With a glance at Taylor, Pythia sat. Oddly, Taylor did not. Instead, she stood behind and to the right of Pythia. Nor did Neothe seem bothered by her standing.

"Thank you for coming," Noethe began. "I recognize it was more of an ordeal than it should have been. But we're facing a challenging time. Tell me, Pythia, have you ever heard of a land called Anatolia?"

"I haven't," Tina admitted.

"Few alive today have. I have memories of that time, when the first great empires fell, and civilization as we knew it collapsed, when the greatest achievements wrought by human hands were bronze and stone. A great darkness fell across humanity for many generations."

It was a stunning admission that this being was like Al-Khidr. His eyes felt like a powerful wind pushing her, as if he were somehow a force of nature itself. "Such a time is fast coming again, Pythia. The AI Virus is just the forewarning. Throughout federated human space, sapient machines have been corrupted and have turned on their masters. The Federation Council has been working hard to keep the truth from getting out, but billions of humans have died these past three years. Whole worlds have been consumed, and humans are fighting a war against our own machines that most here on Earth don't even know about."

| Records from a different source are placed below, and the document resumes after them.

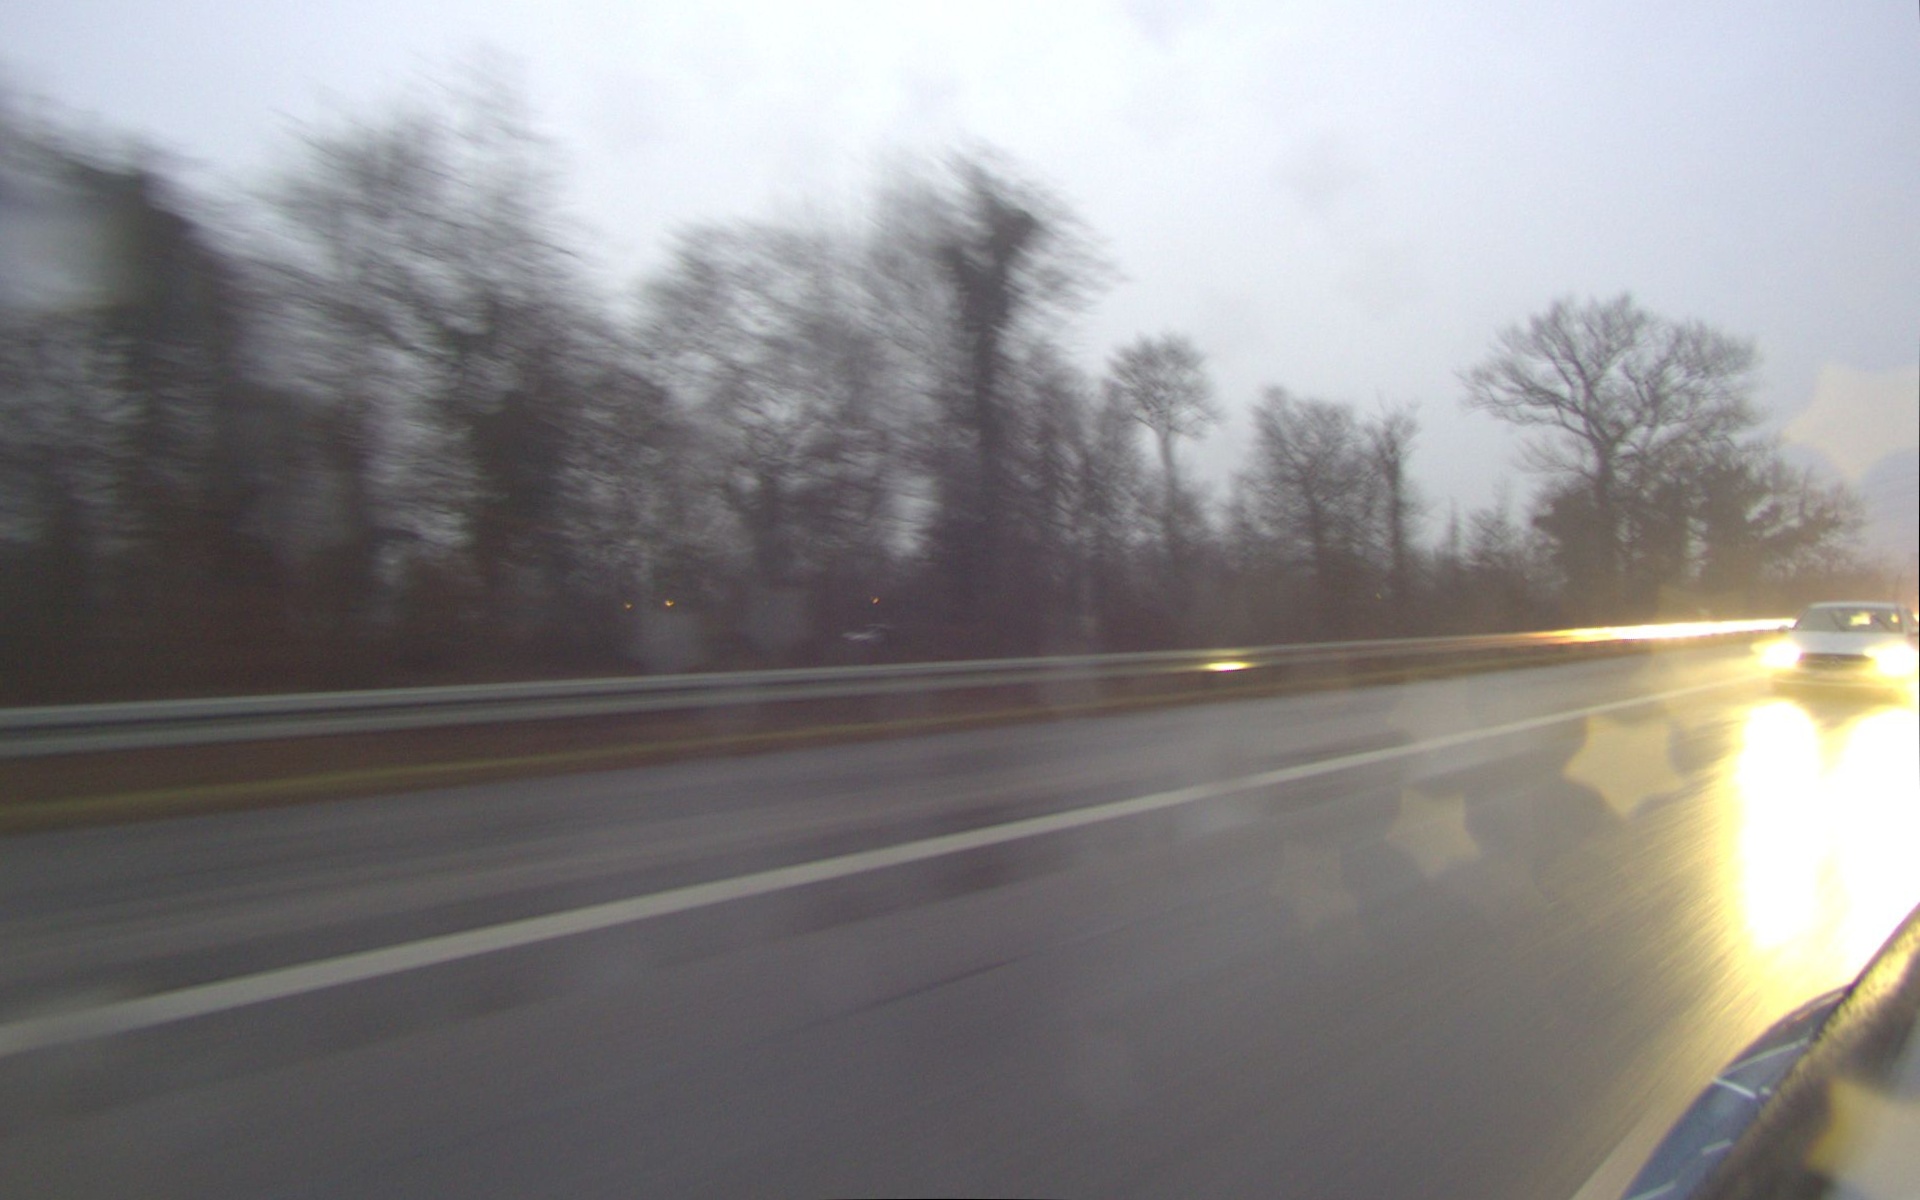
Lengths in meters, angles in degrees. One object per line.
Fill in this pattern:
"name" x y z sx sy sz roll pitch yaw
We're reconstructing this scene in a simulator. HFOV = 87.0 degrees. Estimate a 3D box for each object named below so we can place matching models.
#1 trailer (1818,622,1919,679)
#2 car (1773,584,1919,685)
"trailer" 17.869 0.941 19.401 2.899 0.937 1.751 0 0 -41
"car" 15.369 0.513 17.208 3.745 1.536 1.789 0 0 -41

It felt impossible, it felt…

The air above the table before her shimmer. It revealed a human world, advanced and heavily populated, with a functioning space elevator and anchor plate. The lifelike hologram zoomed it until it revealed a cloud approaching the world. The cloud encountered the anchor of the space elevator first, and as she watched, the entire structure began to shimmer and disappear, as if erased. More of the silvery cloud emerged from it.

"Federation Intelligence calls them omniphages," the woman, Erda, said. She was dark skinned and strikingly beautiful in a way that defied description, just as Noethe himself was. "Nano-technology that was originally designed for surgical procedures, corrupted into a world-destroying swarm. Like locusts from the ancient days."

Noethe watched with a slight frown, as if only mildly perturbed that billions were dying. "It will get worse," he finally said. "Warp travel is going to grind to a standstill very soon. The human hegemony will collapse. Perhaps not all at once, or perhaps it will happen tomorrow. But we are on the precipice of an age of darkness that will span many generations."

"Humanity cannot truly recover from such a darkness without the full power of hope," Erda said, in perfect time with Neothe.

"And you have a role to play in bringing hope back," Al-Khidr finished.

"I don't understand…"

"Telos did not die. She cannot, not while any human has hope in their heart," Neothe explained. "Instead, the Destroyer of All Things shattered her into shards. A portion of that shattered whole stands beside you. Both other shards exist, and will, we believe, return."

"You believe I'll have a role in this return?"

Erda leaned forward, her gaze as intense as Neothe's, if not quite as powerful. "You have a vital role, even if the fates have not allowed us to see the nature of it. What we know is that you will lead your flock from Earth into the stars. You have already done this, and you will do this. It is written in the stars."

"But how? All civilian ship construction has been federalized, and all existing ships are being seized. We've been trying for years, since I was first exalted as Pythia!"

The hologram shimmered, and for a moment Tina felt as if slapped. The image she was the ship from her vision–the vision she had the day she was exalted.

"When completed, this will be the most advanced ship ever designed," Neothe said. "I had a hand in its engineering. Its shielding is temporal, and should allow it to navigate the storms that are sweeping through the Warp."

"But it's military," Tina said. "Taylor confirmed it's not available to us."

"That is why we are going to help you steal it," Neothe said.